The science of physiognomy shared the fate of all others, when the Roman empire was overthrown by the northern barbarians. But about the beginning of the sixteenth century it began to attract notice; and from that time till the close of the seventeenth, it was one of the most fashionable studies. Within the space here mentioned appeared almost all the modern authors who have written upon this subject.¹
Soon after the controversy in the Berlin Transactions, the great work of Lavater attracted the attention of the literary world. The work itself is magnificent; and that circumstance, as well as the nature of the subject, has contributed to extend its fame. With the scholastic and systematic method adopted by the physiognomists of the last and preceding centuries, Lavater rejected their manner of writing, which was dry, concise, indeterminate, and general. His own remarks are, for the most part, precise, and frequently founded on distinctions extremely acute. His opinions on the physiognomy of the ears, hands, nails, and feet of the human species, on hand-writing, on the physiognomy of birds, insects, reptiles, and fishes, are obviously premature, as hitherto no sufficient number of accurate observations have been made, in regard to these particulars, to authorize any conclusion. He has also erred in the opposite extreme, when treating of the important topic of national physiognomy, where he has by no means prosecuted the subject so far as facts might have warranted.
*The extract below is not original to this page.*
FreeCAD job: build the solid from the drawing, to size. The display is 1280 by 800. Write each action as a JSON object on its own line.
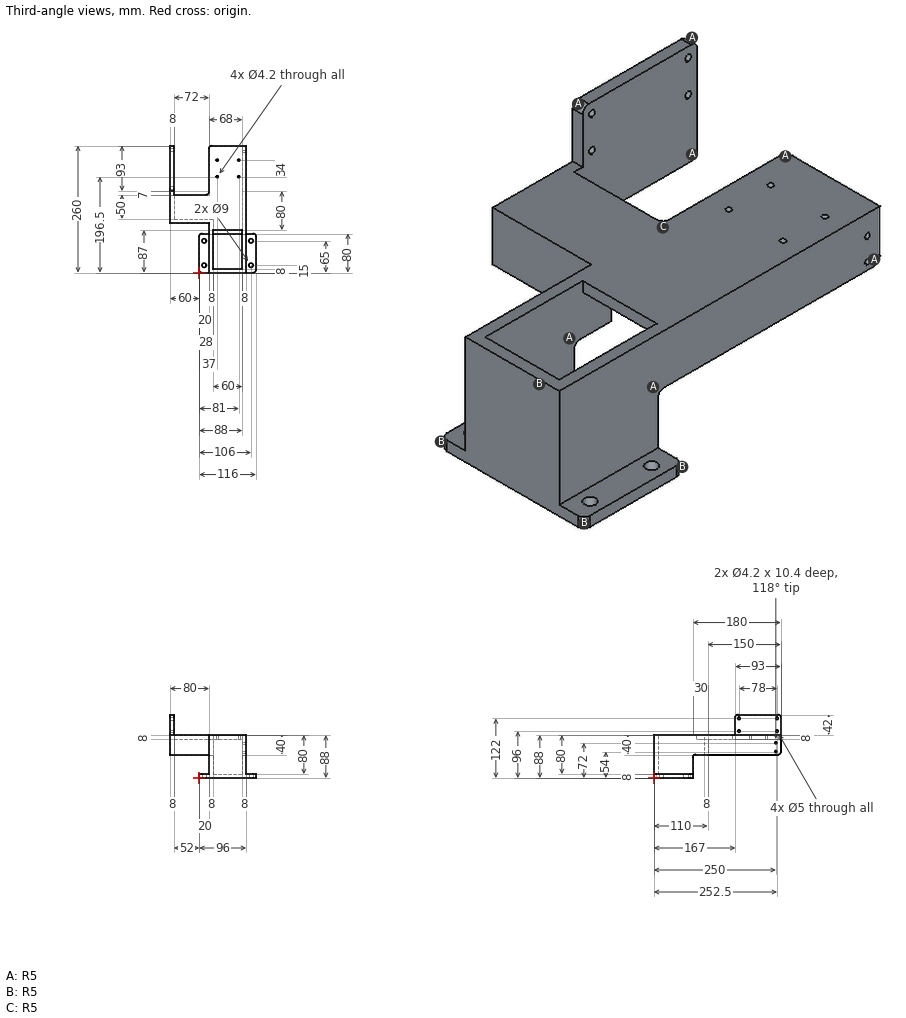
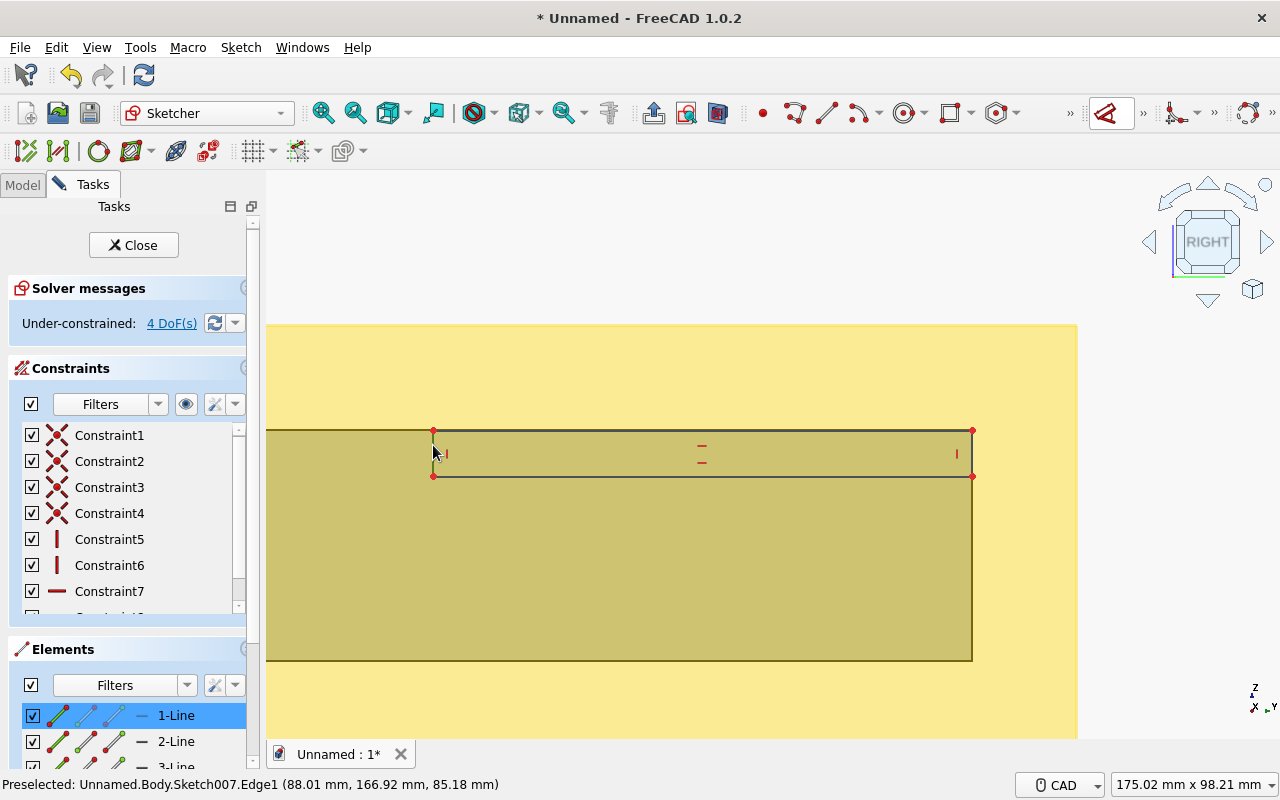
{"action": "left_click", "coordinate": [1128, 114]}

In the Berlin Transactions for the year 1775, there appears a formal attack upon Lavater's work by M. Formey. After disputing the propriety of the extensive signification applied by Lavater and Permenty to the term physiognomy, Formey adopts nearly the same definition which we have proposed near the beginning of this article. He allows that the mental character is intimately connected with, and sensibly influenced by, every fibre of the body; but his principal argument against physiognomy is, that the human frame is liable to innumerable accidents, by which it may be changed in its external appearance, without any correspondent change of the disposition; so that it surpasses the extent of the skill of mortals to distinguish the modifications of feature which are natural from those which may be accidental. Although, therefore, the science of physiognomy may be founded in truth, he infers that the Deity only can exercise it. Formey further contends, that education, diet, climate, and sudden emotions, nay, even the temperaments of our ancestors, affect the cast of human features; so that the influence of mental character on these features may be so involved with, or hidden by, accidental circumstances, that the study of physiognomy must ever be attended with hopeless uncertainty.
¹ Such as Coelos, Baptista Porta, Honoratus Nauetius, Jacobus de Indagine, Alstedius, Michael Schottus, Gaspar Schottus, Cardan, Taisnierus, Fludd, Behmen, Barclay, Claromontius, Conringius, the commentaries of Augustin Niphus and Camillus Balbus on the Physiognomica of Aristotle; Spontanus, Andreas Henricus, Joannes Dignander, Goelensis, Alexander Achillimus, Pretorius, Belot, Gratalorum, and others, noticed in the Polyhistor of Morhoff (vol. i. lib. i. cap. 15, sect. 4, and vol. ii. lib. iii. cap. i. sect. 4).